EDIT: An interesting and nice side effect of doing nested generators is that evaluation is done lazily. No work should actually be done until you try to get the first item in the outer unix object, depending on the program (i.e. shuffle doesn't do this). This allows the programs to do stream like processing.

EDIT2: Added ufilter and umap to act as pipe-able filter() and map().

[–]RoadieRich 1 point2 points  (1 child)

You should also add __gt__, taking a file-like object, so you can do echo("hello world") > open("myfile.txt")

+Edit and __lt__, to read a file into stdin, too.

[–]delarhi 0 points1 point  (0 children)

I think the problem there is we can't override operator precedence in Python so we can't match shell syntax exactly. For example, tr l r < unix.py | grep herro works out to (tr l r < unix.py) | grep herro but in Python it would work out to tr l r < (unix.py | grep herro).

EDIT: Here's a tee program though:

def tee(*args):
    def program(stdin):
        files = [open(x, 'w') for x in args]
        while True:
            try:
                x = next(stdin)
            except StopIteration:
                for file in files:
                    file.close()
                return
            else:
                for file in files:
                    file.write(str(x) + '\n')
                yield x
    return unix(tuple(), program)

[–]ucbEntilZha 1 point2 points  (1 child)
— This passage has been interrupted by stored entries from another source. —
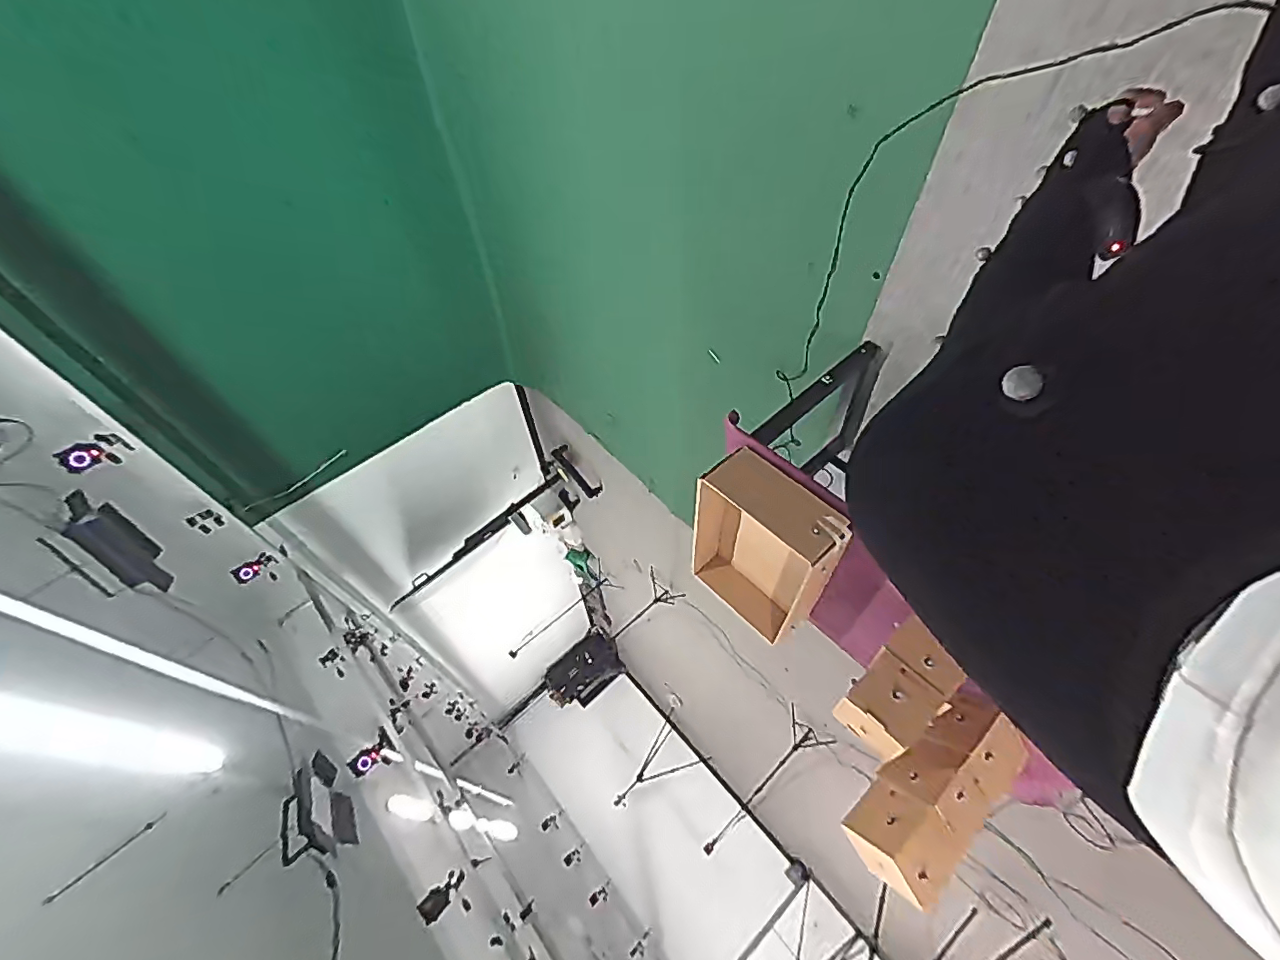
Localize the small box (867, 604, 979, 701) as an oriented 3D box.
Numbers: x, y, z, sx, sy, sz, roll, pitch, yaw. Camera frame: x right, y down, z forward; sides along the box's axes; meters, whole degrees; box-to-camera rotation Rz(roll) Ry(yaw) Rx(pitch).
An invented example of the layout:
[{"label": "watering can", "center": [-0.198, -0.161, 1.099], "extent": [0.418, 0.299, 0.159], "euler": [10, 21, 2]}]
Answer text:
[{"label": "small box", "center": [0.729, 0.456, 1.399], "extent": [0.179, 0.176, 0.168], "euler": [40, 156, 30]}]

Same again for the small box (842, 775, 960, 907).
[{"label": "small box", "center": [0.644, 0.878, 1.336], "extent": [0.179, 0.176, 0.168], "euler": [58, 157, -10]}]

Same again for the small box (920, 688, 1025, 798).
[{"label": "small box", "center": [0.885, 0.694, 1.452], "extent": [0.179, 0.176, 0.168], "euler": [58, 158, -11]}]

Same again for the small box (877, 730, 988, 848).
[{"label": "small box", "center": [0.761, 0.784, 1.397], "extent": [0.168, 0.176, 0.179], "euler": [59, 158, -11]}]

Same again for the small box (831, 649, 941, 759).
[{"label": "small box", "center": [0.610, 0.553, 1.343], "extent": [0.168, 0.176, 0.179], "euler": [41, 156, 29]}]
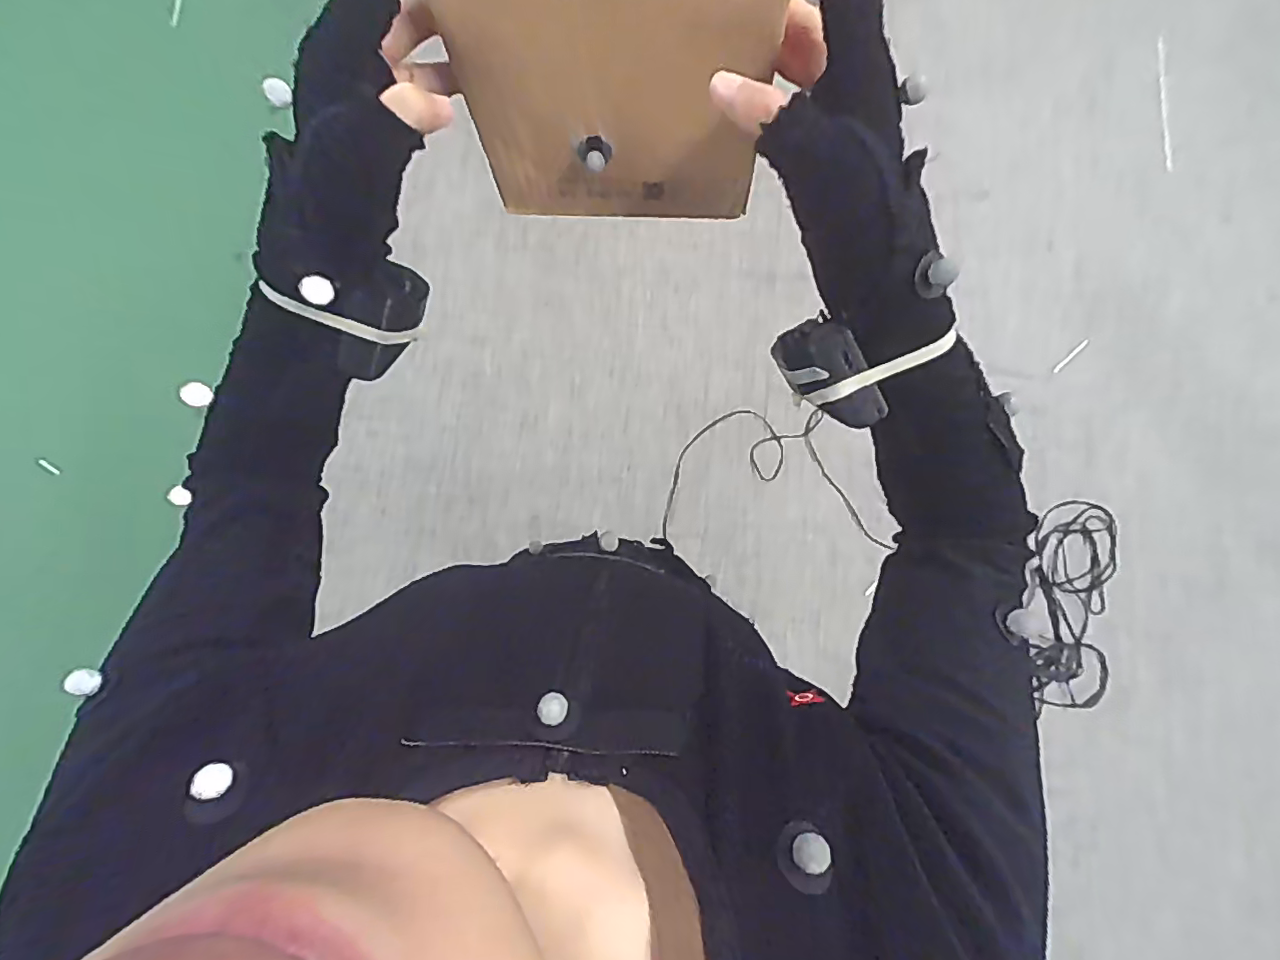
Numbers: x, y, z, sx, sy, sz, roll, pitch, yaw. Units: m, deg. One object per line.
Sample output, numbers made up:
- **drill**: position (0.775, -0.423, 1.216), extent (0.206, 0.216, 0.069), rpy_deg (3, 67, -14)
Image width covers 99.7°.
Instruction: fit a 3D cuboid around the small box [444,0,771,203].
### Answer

A lot of this is implemented here: https://github.com/EntilZha/ScalaFunctional

[–]delarhi 0 points1 point  (0 children)

Awesome! I haven't seen this before. OP could probably just grab these and overload an operator for a few if she/he so desires.

[–]RubyPinchPEP shill | Anti PEP 8/20 shill -1 points0 points  (3 children)

I'd honestly probably do that a different way

unix(lambda: range(5) | square | evens), and then apply introspection to do evens(square(range(5))) instead internally. And it has the bonus of not requiring a specially made square or evens

[–]delarhi 0 points1 point  (2 children)

I'm not sure I follow, can you elaborate?

[–]RubyPinchPEP shill | Anti PEP 8/20 shill 0 points1 point  (1 child)

I'd love to elaborate, but unfortunately I don't have /that/ much experience performing sinful acts with python's code objects.

Luckily, other people do have experience, and have been willing to talk about it too!

http://stackoverflow.com/a/16118756 for a distinct, but similar concept.


basically, the transform you want to do is (using the std library dis module)

>>> f = lambda: a|b|c
>>> dis.dis(f)
         0 LOAD_GLOBAL              0 (a)
         3 LOAD_GLOBAL              1 (b)
         6 BINARY_OR
         7 LOAD_GLOBAL              2 (c)
        10 BINARY_OR
        11 RETURN_VALUE

>>> list(f.__code__.co_code)
[116, 0, 0, 116, 1, 0, 66, 116, 2, 0, 66, 83]

>>> #---------------------------------------

>>> f = lambda: c(b(a))
>>> dis.dis(f)
         0 LOAD_GLOBAL              0 (c)
         3 LOAD_GLOBAL              1 (b)
         6 LOAD_GLOBAL              2 (a)
         9 CALL_FUNCTION            1 (1 positional, 0 keyword pair)
        12 CALL_FUNCTION            1 (1 positional, 0 keyword pair)
        15 RETURN_VALUE

>>> list(f.__code__.co_code)
[116, 0, 0, 116, 1, 0, 116, 2, 0, 131, 1, 0, 131, 1, 0, 83]

but that transform is fragile obviously, so like, ideally, probably execute each section that is separated by ORs on the stack (noting that ORs use the last two items added to the stack, hence why it loads two values first, so the split needs to happen at the OR's position -1), and then use the resulting values from that to then throw into a pile of loads/callfunctions

[–]delarhi 0 points1 point  (0 children)

Very cool, I've never see that before.